A transcription factor-sRNA-mediated double-negative feedback loop confers pathogen-specific control of quorum-sensing genes

The cell-to-cell communication process called quorum sensing enables bacteria to synchronize collective behaviors. Quorum sensing relies on the production, release, and detection of signaling molecules called autoinducers. In Vibrio cholerae , the VqmA transcription factor, following binding of the DPO autoinducer, activates expression of the gene encoding the VqmR small regulatory RNA. VqmR controls traits including biofilm formation. Here, we identify repressors of DPO-VqmA-VqmR signaling. We focus on one identified repressor, the LuxT transcription factor. We show that LuxT represses vqmR transcription. VqmR post-transcriptionally represses luxT translation.

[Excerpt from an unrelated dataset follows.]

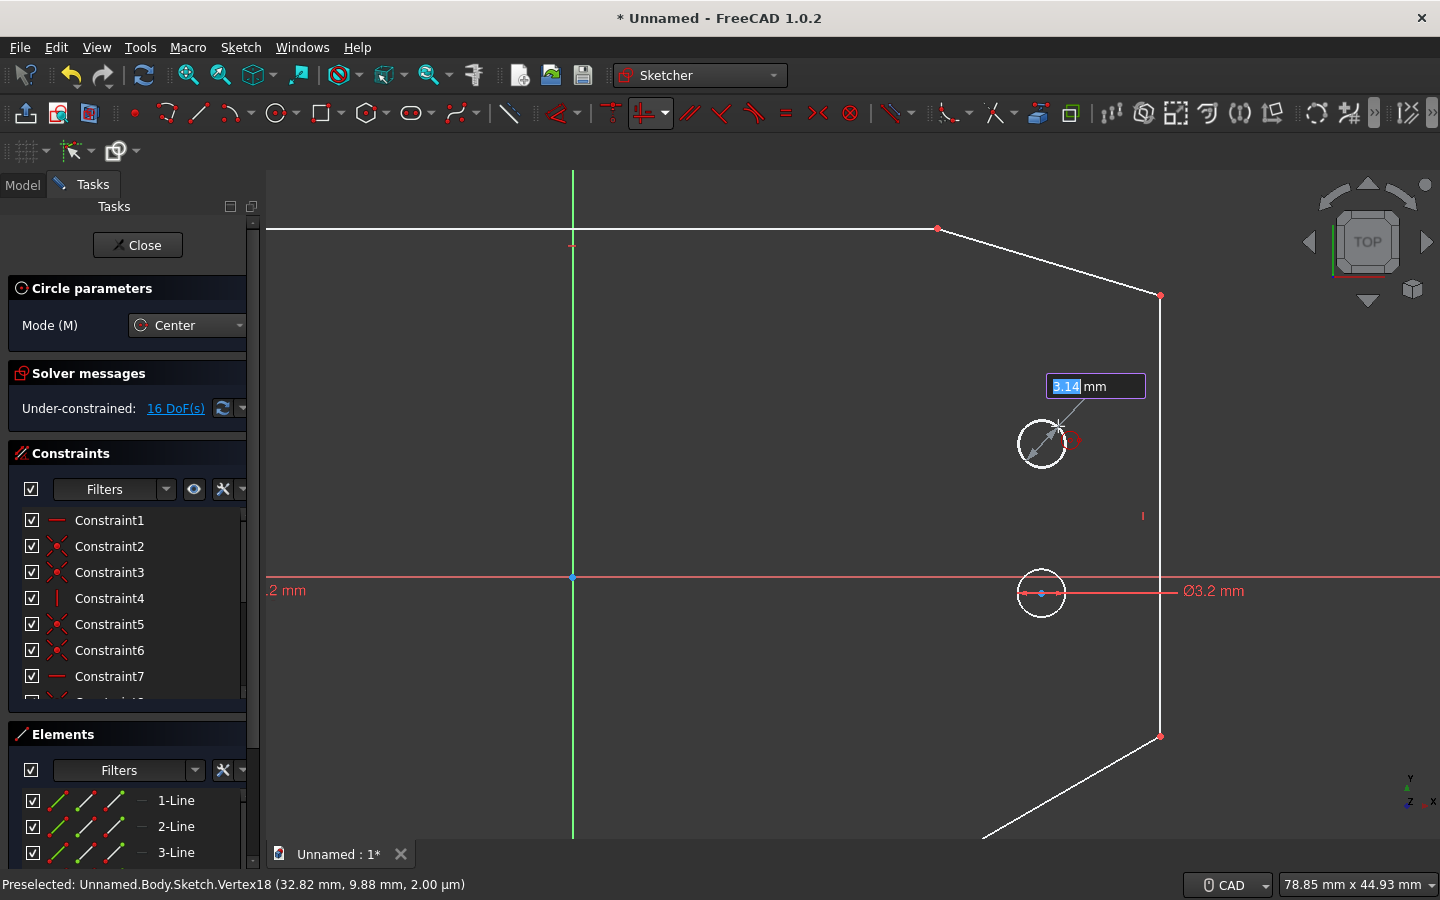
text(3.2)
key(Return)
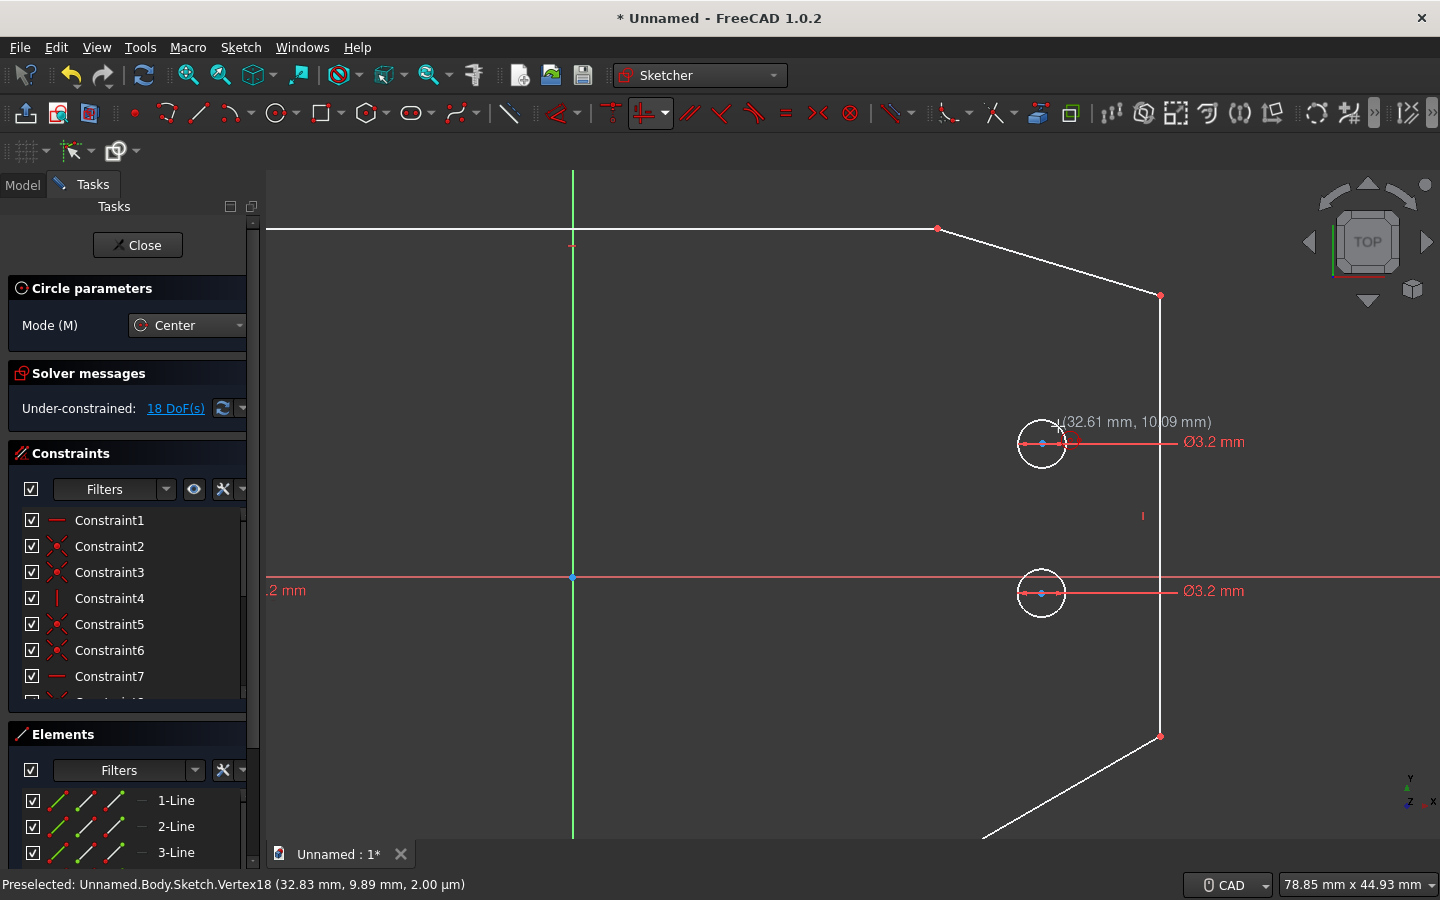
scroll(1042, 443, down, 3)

This arrangement forms a double-negative feedback loop between the two regulators. Reciprocal control hinges on the N-terminal 8 amino acids of LuxT. The nucleotide sequence encoding this LuxT region serves as the VqmR binding site in the luxT mRNA and the amino acids specified by this same N-terminal region are required for LuxT to bind the vqmR promoter. This same LuxT N-terminal region also expands the DNA motifs to which LuxT can bind. We show this regulatory circuit is unique to V. cholerae and closely related species and absent from other vibrios. We define the set of LuxT-controlled genes in V. cholerae and show that LuxT promotes biofilm formation, a key requirement for successful colonization of eukaryotic hosts.